Da es eine offizielle Anordnung ist, ist das nicht möglich. Es war ein Beschluss des Ministerrats von Suleimanija, des damals höchsten Exekutivgremiums.

Die Sicherheitsauflagen für das Tribunal sind so extrem, dass die Menschen im Irak kaum die Möglichkeit haben, die Verfahren zu verfolgen. Wie wollen Sie da Vertrauen gewinnen?

Ich würde mir wünschen, dass der Gerichtssaal größer wäre und mehr Personen den Prozess verfolgen könnten. Gemäß Gesetz ist das Gericht öffentlich. Nur in ganz bestimmten Ausnahmefällen darf die Öffentlichkeit vom Verfahren ausgeschlossen werden. Soweit ich weiß, war ich der erste Richter in Suleimanija, der der Presse Zugang zu einem Prozess gewährte. Ein öffentliches Verfahren gibt auch den Richtern Rückendeckung. Denn jeder weiß dann, was im Gerichtssaal vor sich gegangen ist.

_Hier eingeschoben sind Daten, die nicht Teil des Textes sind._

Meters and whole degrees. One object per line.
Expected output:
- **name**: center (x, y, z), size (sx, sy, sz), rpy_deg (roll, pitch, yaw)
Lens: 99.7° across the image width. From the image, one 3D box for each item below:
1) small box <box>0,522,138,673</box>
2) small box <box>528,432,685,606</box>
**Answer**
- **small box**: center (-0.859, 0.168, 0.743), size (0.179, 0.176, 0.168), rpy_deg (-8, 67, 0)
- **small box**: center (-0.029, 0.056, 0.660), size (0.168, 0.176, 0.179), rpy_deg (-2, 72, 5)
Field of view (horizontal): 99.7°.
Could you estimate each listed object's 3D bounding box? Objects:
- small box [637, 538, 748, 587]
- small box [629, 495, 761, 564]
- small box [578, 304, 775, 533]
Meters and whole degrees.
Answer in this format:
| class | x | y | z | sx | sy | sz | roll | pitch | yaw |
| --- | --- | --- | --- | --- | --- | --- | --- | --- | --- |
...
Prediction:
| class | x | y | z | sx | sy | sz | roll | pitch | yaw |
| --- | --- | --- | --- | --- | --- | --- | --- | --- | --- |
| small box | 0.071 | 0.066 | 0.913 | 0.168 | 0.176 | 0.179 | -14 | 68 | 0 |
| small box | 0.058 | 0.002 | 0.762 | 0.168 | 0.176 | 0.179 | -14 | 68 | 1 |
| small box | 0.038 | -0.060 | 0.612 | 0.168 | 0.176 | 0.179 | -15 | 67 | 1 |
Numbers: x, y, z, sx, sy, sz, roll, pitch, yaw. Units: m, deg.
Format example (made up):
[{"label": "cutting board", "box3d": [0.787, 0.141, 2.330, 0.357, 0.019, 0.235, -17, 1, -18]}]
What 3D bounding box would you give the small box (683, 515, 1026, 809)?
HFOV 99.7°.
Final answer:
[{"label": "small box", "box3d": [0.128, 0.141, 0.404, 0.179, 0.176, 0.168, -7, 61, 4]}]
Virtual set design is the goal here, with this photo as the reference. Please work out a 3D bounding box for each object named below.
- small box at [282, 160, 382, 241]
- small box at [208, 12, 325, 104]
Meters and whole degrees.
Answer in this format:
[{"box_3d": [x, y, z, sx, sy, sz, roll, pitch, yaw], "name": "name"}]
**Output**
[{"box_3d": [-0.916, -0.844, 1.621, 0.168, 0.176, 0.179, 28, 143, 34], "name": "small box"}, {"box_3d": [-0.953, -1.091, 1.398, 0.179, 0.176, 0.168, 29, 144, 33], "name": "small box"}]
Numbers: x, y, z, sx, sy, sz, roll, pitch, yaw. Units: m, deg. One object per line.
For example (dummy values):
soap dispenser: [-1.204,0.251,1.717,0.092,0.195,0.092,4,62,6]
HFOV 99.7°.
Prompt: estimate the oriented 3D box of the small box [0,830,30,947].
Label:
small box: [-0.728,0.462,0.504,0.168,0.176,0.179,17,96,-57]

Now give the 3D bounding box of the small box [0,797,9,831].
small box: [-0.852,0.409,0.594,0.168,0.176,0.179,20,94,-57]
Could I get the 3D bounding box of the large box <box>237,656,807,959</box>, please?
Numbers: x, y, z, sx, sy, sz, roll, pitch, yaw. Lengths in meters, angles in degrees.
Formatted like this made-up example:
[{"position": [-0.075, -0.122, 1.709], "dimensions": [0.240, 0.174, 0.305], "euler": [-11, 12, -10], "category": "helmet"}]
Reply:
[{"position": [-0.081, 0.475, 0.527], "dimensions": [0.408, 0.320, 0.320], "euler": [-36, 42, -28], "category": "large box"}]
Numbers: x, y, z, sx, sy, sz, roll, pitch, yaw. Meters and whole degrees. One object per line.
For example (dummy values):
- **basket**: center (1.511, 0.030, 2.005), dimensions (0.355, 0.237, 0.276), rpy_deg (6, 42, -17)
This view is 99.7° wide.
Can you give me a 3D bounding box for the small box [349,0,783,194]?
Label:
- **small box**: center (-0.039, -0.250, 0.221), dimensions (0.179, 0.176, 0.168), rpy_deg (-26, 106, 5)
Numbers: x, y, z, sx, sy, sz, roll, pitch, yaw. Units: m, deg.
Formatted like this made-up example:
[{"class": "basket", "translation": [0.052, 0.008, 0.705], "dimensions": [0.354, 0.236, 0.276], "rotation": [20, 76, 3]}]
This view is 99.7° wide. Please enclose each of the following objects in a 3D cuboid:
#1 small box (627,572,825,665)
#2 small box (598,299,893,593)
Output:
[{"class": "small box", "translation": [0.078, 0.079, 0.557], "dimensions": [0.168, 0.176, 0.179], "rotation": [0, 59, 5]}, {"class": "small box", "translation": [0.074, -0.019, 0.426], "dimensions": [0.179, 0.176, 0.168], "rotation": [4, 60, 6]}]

Welche Auswirkungen sollte das Tribunal auf den Irak haben?

Ich hoffe, dass es ein Schritt hin zu einer fairen Gerichtsbarkeit ist, die sich am internationalen Recht orientiert, und dass so die Basis für eine unabhängige Justiz gelegt wird. Eine Justiz, vor der jeder Bürger, unabhängig von Stand und Ansehen, gleich ist. Dieser Gerichtshof sollte den Anstoß für die Durchsetzung der Gewaltenteilung geben.

Ein Grundstein für Demokratie?

Unbedingt. Das Gericht sollte zum Aufbau der Demokratie und vor allem zur Sicherung der Menschenrechte beitragen. Diese müssen in Zukunft fest verankert werden.